## TASK
Every line in the records below with the string "dalies" is to be copied out.

Stored records
####################
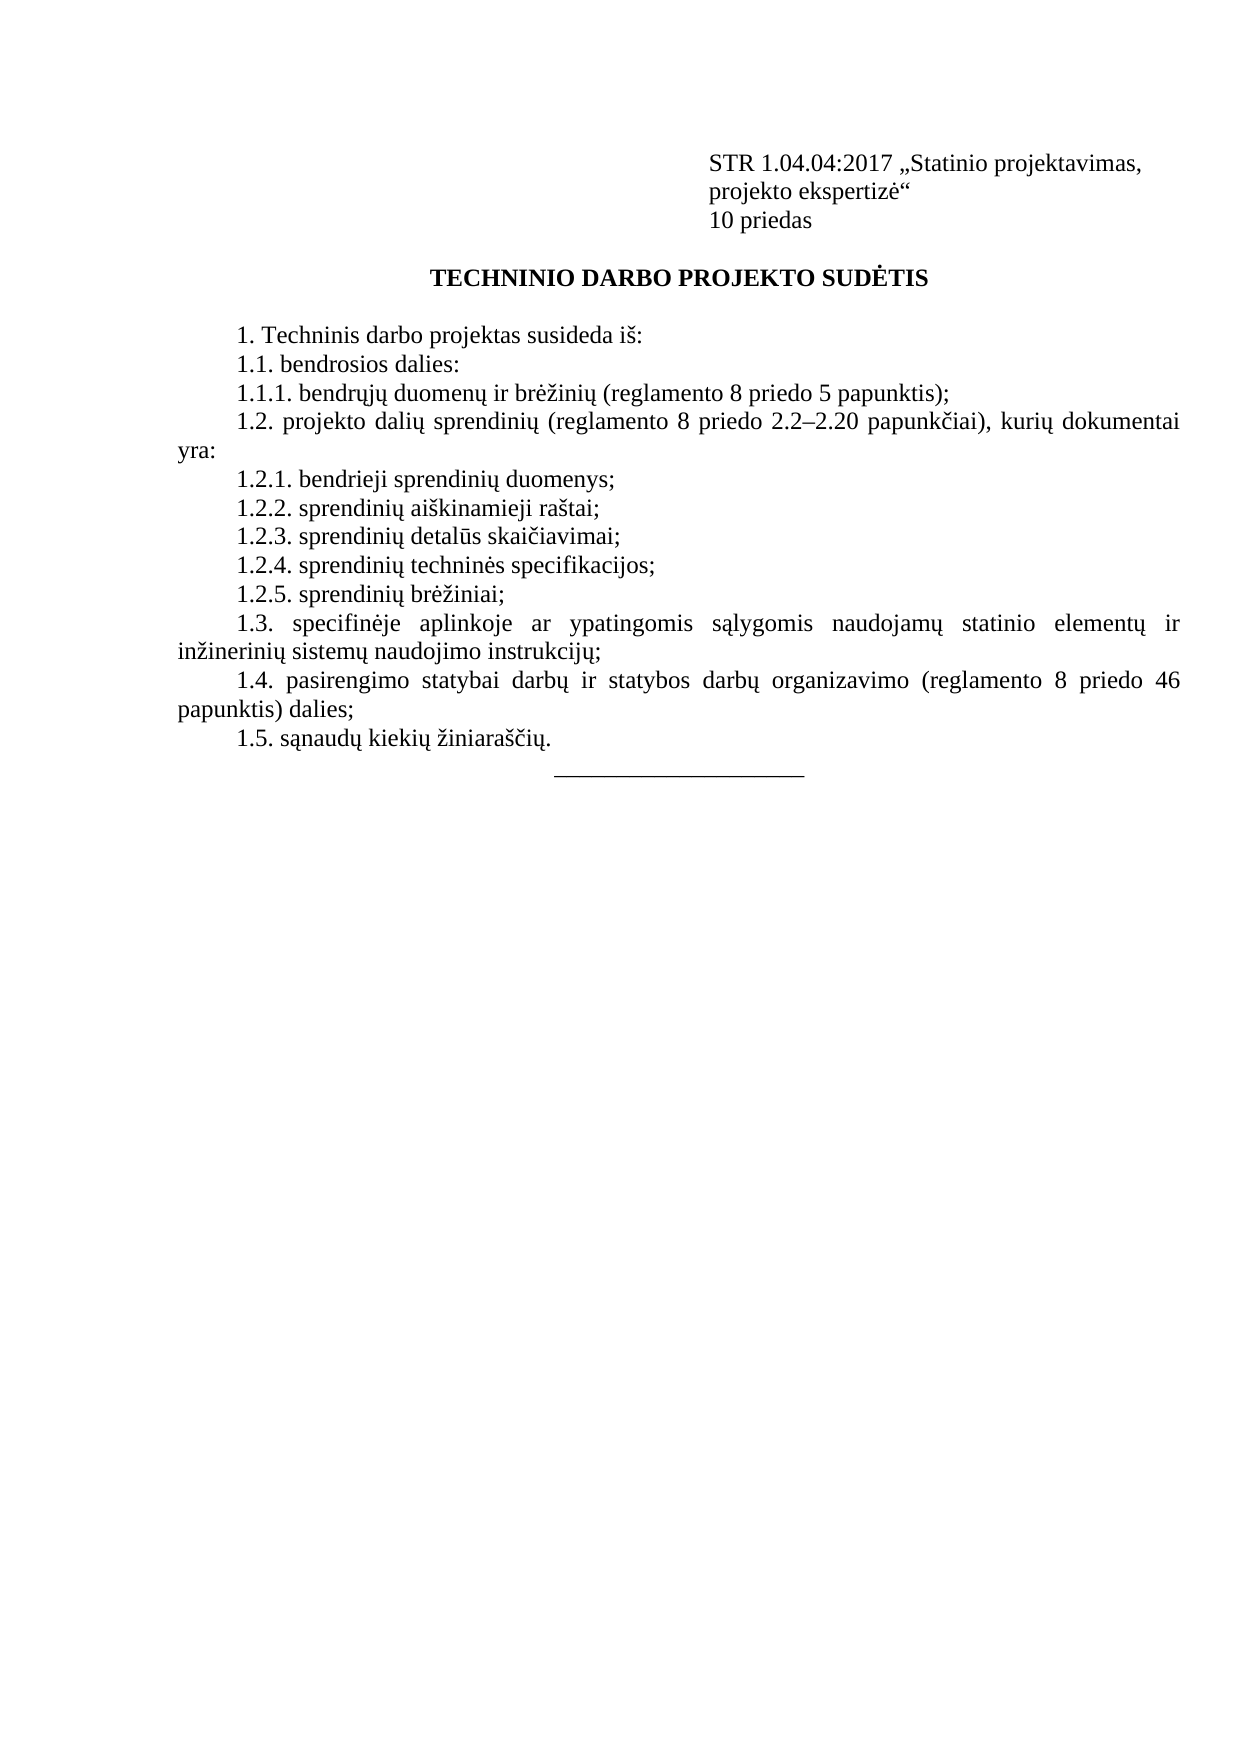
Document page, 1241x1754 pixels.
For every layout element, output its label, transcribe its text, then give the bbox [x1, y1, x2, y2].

text TECHNINIO DARBO PROJEKTO SUDĖTIS [177, 263, 1181, 291]
text 1.4. pasirengimo statybai darbų ir statybos darbų organizavimo (reglamento 8 priedo 46 papunktis) dalies; [177, 665, 1181, 723]
text STR 1.04.04:2017 „Statinio projektavimas, [177, 148, 1181, 176]
text 1. Techninis darbo projektas susideda iš: [177, 320, 1181, 349]
text 1.3. specifinėje aplinkoje ar ypatingomis sąlygomis naudojamų statinio elementų ir inžinerinių sistemų naudojimo instrukcijų; [177, 608, 1181, 665]
text 1.5. sąnaudų kiekių žiniaraščių. [177, 723, 1181, 751]
text 1.2.4. sprendinių techninės specifikacijos; [177, 550, 1181, 579]
text 1.2.1. bendrieji sprendinių duomenys; [177, 464, 1181, 493]
text 1.2.2. sprendinių aiškinamieji raštai; [177, 493, 1181, 521]
text 1.1. bendrosios dalies: [177, 349, 1181, 378]
text 1.1.1. bendrųjų duomenų ir brėžinių (reglamento 8 priedo 5 papunktis); [177, 378, 1181, 406]
text 1.2.3. sprendinių detalūs skaičiavimai; [177, 521, 1181, 550]
text projekto ekspertizė“ [177, 176, 1181, 205]
text 1.2.5. sprendinių brėžiniai; [177, 579, 1181, 608]
text 10 priedas [177, 205, 1181, 234]
text ____________________ [177, 751, 1181, 780]
text 1.2. projekto dalių sprendinių (reglamento 8 priedo 2.2–2.20 papunkčiai), kurių dokumentai yra: [177, 406, 1181, 464]
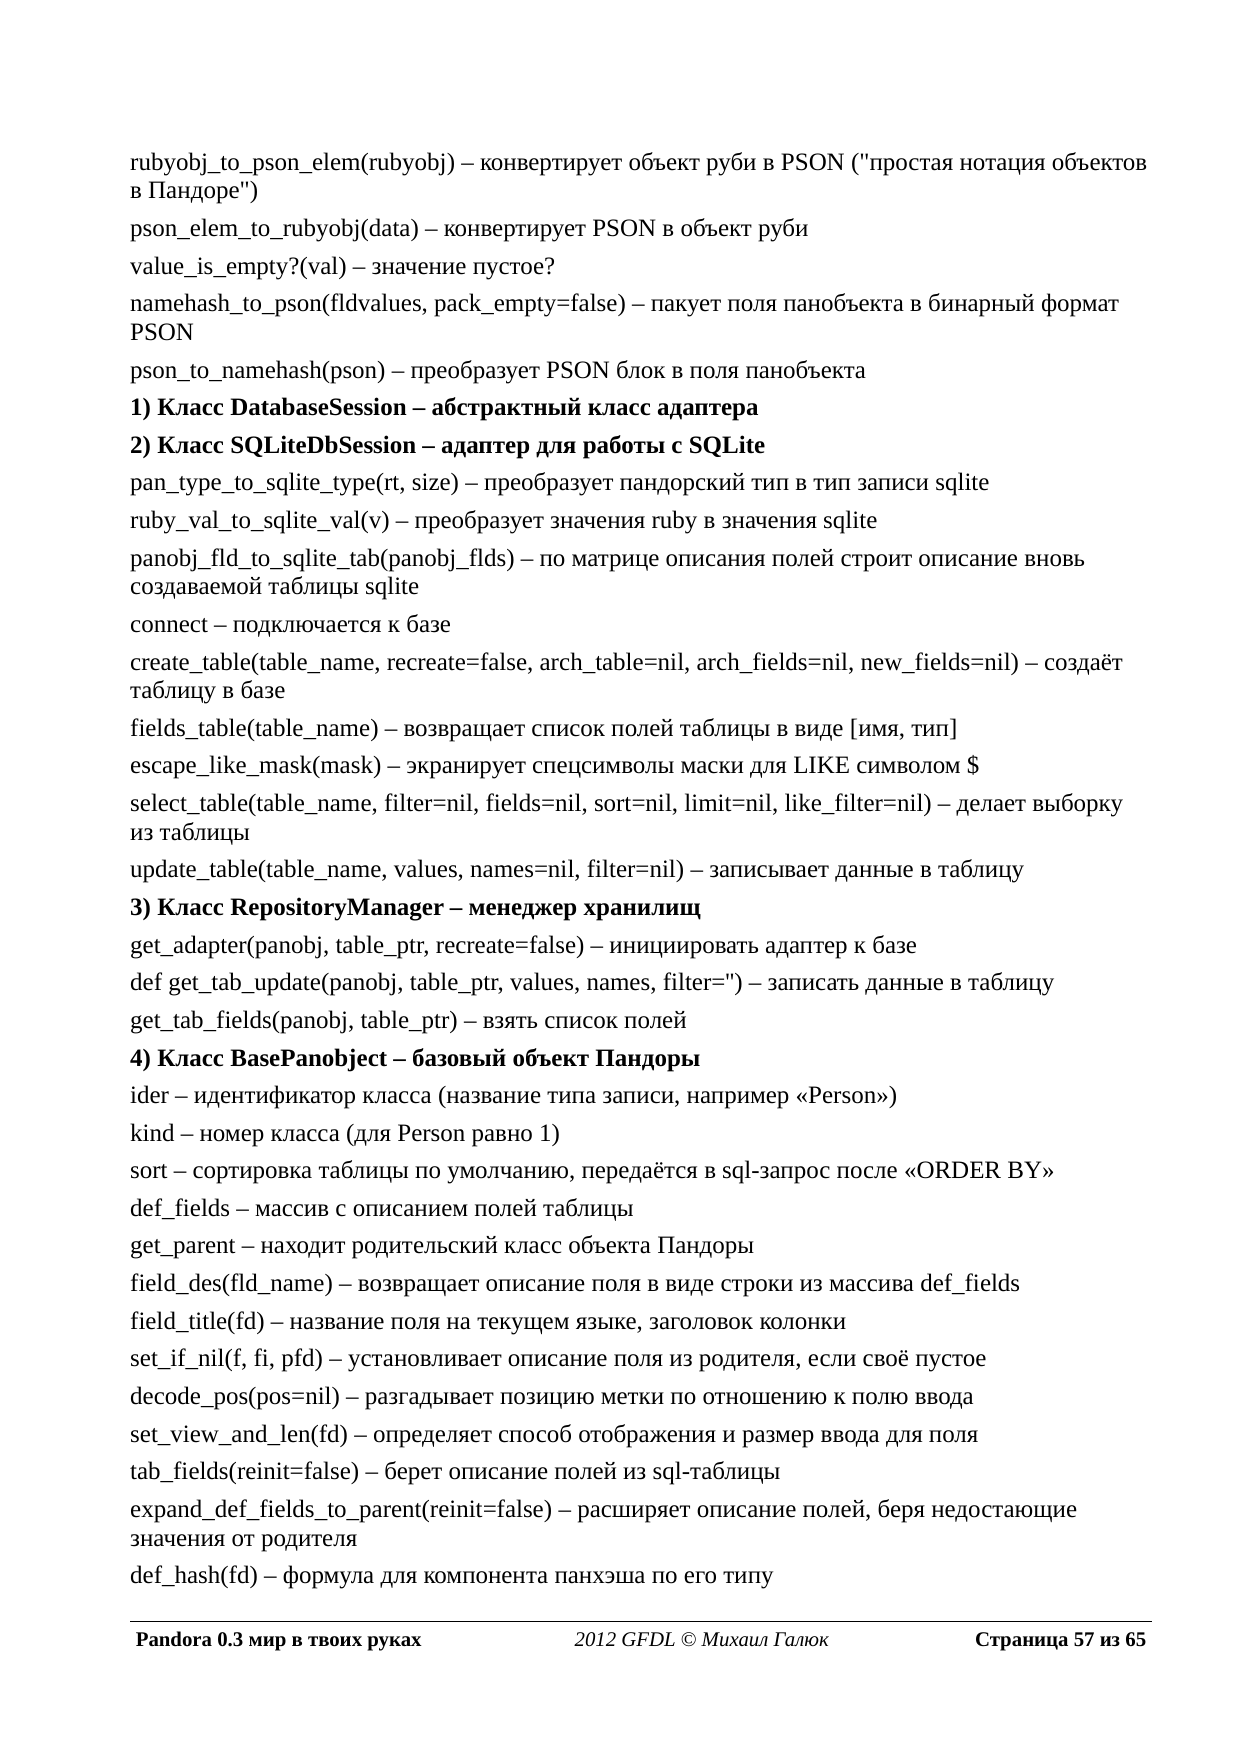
####################
## SOLUTION BELOW
text 1.4. pasirengimo statybai darbų ir statybos darbų organizavimo (reglamento 8 priedo 46 papunktis) dalies; [177, 665, 1181, 723]
text 1.1. bendrosios dalies: [177, 349, 1181, 378]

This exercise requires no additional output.